- [Work item] Two lines mark the range in the entries below: the one holding "6. real part" and the one holding "Return one JSON". Set down those two and all lines between them, exactly.

- [Source data]
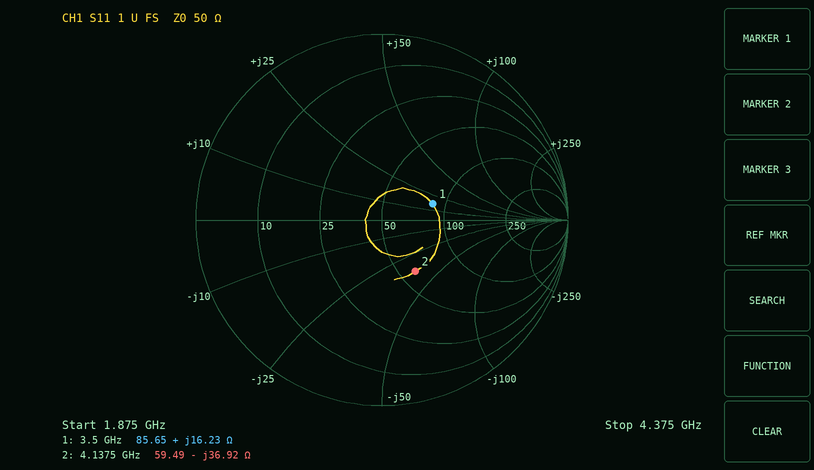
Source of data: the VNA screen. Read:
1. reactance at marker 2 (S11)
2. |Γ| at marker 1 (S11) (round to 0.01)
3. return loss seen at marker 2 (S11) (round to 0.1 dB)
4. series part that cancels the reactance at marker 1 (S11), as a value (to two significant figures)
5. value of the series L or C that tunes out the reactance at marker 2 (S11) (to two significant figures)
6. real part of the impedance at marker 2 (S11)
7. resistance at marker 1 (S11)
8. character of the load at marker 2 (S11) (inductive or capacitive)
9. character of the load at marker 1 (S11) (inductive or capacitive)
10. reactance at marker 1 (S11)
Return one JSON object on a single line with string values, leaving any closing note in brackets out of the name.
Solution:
{"reactance at marker 2": "-36.92 Ω", "|Γ| at marker 1 (S11)": "0.29", "return loss seen at marker 2 (S11)": "9.6 dB", "series part that cancels the reactance at marker 1 (S11), as a value": "2.8 pF", "value of the series L or C that tunes out the reactance at marker 2 (S11)": "1.4 nH", "real part of the impedance at marker 2": "59.49 Ω", "resistance at marker 1": "85.65 Ω", "character of the load at marker 2 (S11)": "capacitive", "character of the load at marker 1 (S11)": "inductive", "reactance at marker 1": "+16.23 Ω"}

- [Your solution]
6. real part of the impedance at marker 2 (S11)
7. resistance at marker 1 (S11)
8. character of the load at marker 2 (S11) (inductive or capacitive)
9. character of the load at marker 1 (S11) (inductive or capacitive)
10. reactance at marker 1 (S11)
Return one JSON object on a single line with string values, leaving any closing note in brackets out of the name.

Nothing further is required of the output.